- _EXERCISE REQUIREMENTS_: Beginning with the line that has "Reply in this" in it, transcribe the listing exactly through its final line, and add nothing.

- _MATERIAL FOR THE TASK_:
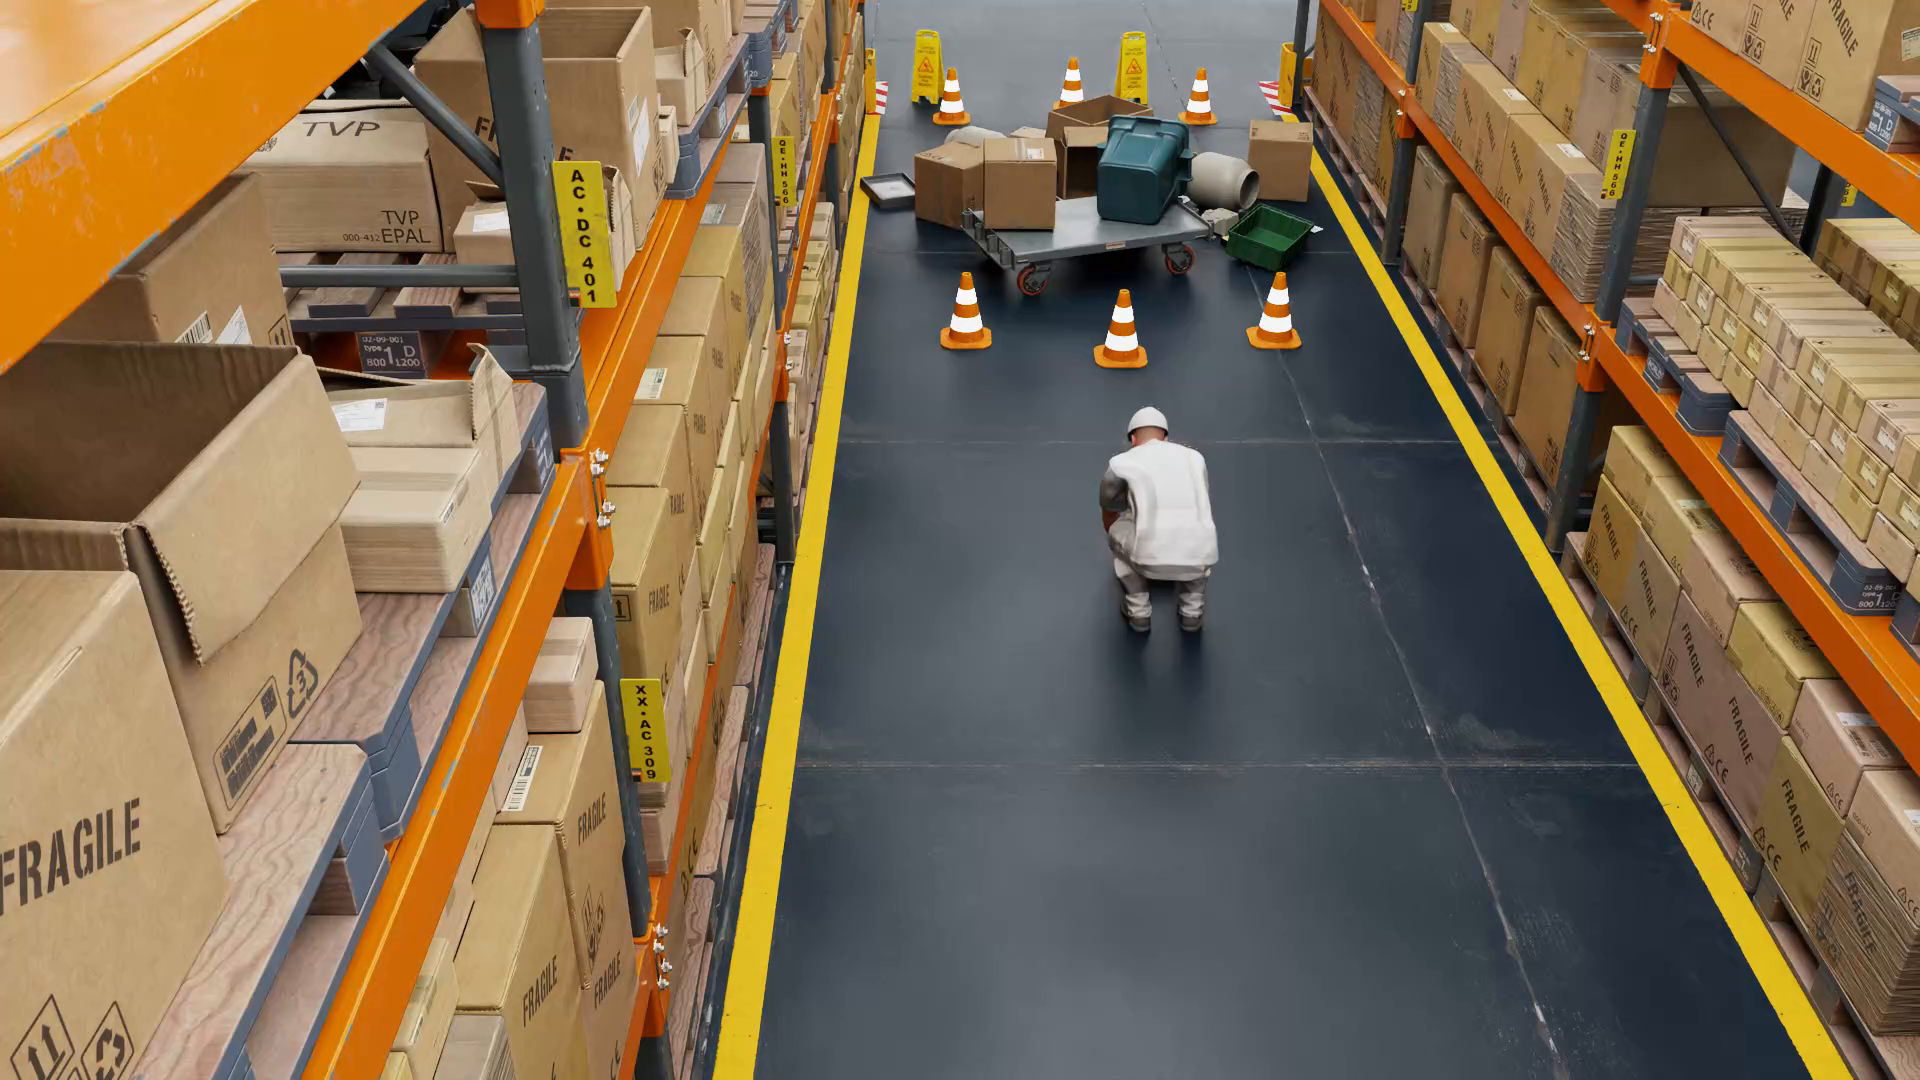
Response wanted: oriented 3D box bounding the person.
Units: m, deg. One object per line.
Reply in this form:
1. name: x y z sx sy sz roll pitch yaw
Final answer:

- _EXPECTED ANSWER_:
Reply in this form:
1. name: x y z sx sy sz roll pitch yaw
Final answer:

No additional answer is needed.